11 min read

How JoyAgent Enables Multimodal RAG for Enterprise Knowledge Management

JoyAgent, JD's open‑source intelligent‑agent platform, now adds multimodal Retrieval‑Augmented Generation (RAG) capabilities, combining graph‑based knowledge, hierarchical chunking, and vision‑language models to handle text, images, tables, and API data for enterprise knowledge processing and evaluation.

JD Tech Talk

Dec 1, 2025

How JoyAgent Enables Multimodal RAG for Enterprise Knowledge Management

Background

Traditional Retrieval‑Augmented Generation (RAG) works well for pure text but cannot directly handle structured or visual information such as tables, charts, scanned images, or data that lives in real‑time systems (CRM, ERP). This limitation leads to incomplete retrieval and hallucinations in large language models when applied to enterprise knowledge bases.

Key Challenges

Multimodal Gap : Enterprise documents contain images, embedded tables, and diagrams that a text‑only RAG pipeline cannot interpret, causing loss of critical knowledge.

Data Quality and Dynamics : Knowledge bases often have inconsistent formats, outdated entries, and frequent updates. Core business data is stored in dynamic services that traditional RAG cannot query.

JoyAgent Multimodal Knowledge Management Architecture

The system is divided into a Knowledge Processing Layer and a Knowledge Usage Layer.

Knowledge Processing Layer

Temporal Knowledge Graph

JoyAgent integrates graphiti, a framework for building time‑aware knowledge graphs.

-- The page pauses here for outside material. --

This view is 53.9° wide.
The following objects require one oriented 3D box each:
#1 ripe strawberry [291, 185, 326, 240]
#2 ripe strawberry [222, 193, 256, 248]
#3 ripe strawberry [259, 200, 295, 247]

It supports incremental updates and dual‑time modeling (event time vs. ingestion time), enabling reasoning over evolving business data without full re‑indexing.

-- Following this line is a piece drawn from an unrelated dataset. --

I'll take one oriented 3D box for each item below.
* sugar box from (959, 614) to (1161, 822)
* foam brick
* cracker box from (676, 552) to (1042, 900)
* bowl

Handles heterogeneous, evolving data sources for decision‑making and automation.

Provides temporal attributes useful for audit compliance, supply‑chain trend prediction, and historical analyses.

Multi‑Document, Multi‑Source Support

Supports a wide range of file formats (Excel, Word, PDF, PPT, images) and video content (automatic speech recognition and key‑frame extraction). A unified document schema and specialized parsers convert each input into a consistent structure for downstream indexing.

API‑based ingestion is also available, allowing agents to discover and invoke external services (e.g., ERP, CRM) on demand.

Knowledge Usage Layer – Multimodal RAG

Multi‑Structure Indexing

Combines three complementary indexes:

Graph‑based GraphRAG for entity‑edge reasoning.

Tag‑based keyword index for fast lookup.

Embedding index for dense vector similarity.

Hierarchical chunking preserves semantic boundaries (headings, sections) in long documents, improving retrieval relevance.

Hierarchical Chunk Index

Content is split according to its logical hierarchy (e.g., chapter → section → paragraph). This fine‑grained partitioning enables the retriever to locate precise passages while maintaining context for downstream generation.

GraphRAG Retrieval

Entities and relationships are stored in a graph, allowing multi‑hop reasoning such as product sales → customer feedback → supply‑chain adjustment . Temporal edges record validity periods, so queries can target a specific historical state. Reported experiments show up to a 35 % accuracy boost on complex queries compared with flat vector retrieval.

Agentic Search

Instead of a single‑turn “retrieve‑then‑read” flow, the system can invoke an agent that plans multiple steps, decides whether to use a traditional retriever or an agentic tool, and orchestrates external APIs as needed. Users can enable or disable this mode via configuration.

Multimodal Retrieval

Vision‑Language Models (VLM) are integrated to handle image‑based queries. The workflow is:

Submit the user query and any uploaded images to the VLM.

Merge VLM answers with text‑based chunk results.

Pass the combined context to the LLM for final generation.

Supported multimodal tools include:

Image Q&A – direct question answering, summarization, or translation on uploaded images.

Image Search – vector similarity search for images or text queries.

Agents can combine these tools with a textual search utility to address scenarios such as detecting anomalies in warehouse photos and retrieving related handling procedures.

Evaluation

On the public DoubleBench benchmark, JoyAgent was compared with MDocAgent, Colqwen‑gen, ViDoRAG, and M3DOCRAG. Answers were graded by GPT‑4o on a 0‑10 scale; scores ≥7 were counted as correct. JoyAgent achieved a 76.2 % correctness rate, outperforming the other multimodal QA systems.

Internal tests on 150 queries across 500 enterprise documents also showed higher accuracy and relevance than competing solutions (Coze, IMA).

Future Directions

Planned work includes tighter integration of Agentic and GraphRAG capabilities so that agents can dynamically choose between graph‑based retrieval and external tool execution. Continued advances in multimodal processing will expand support for additional data types, moving toward a comprehensive enterprise‑wide intelligent system.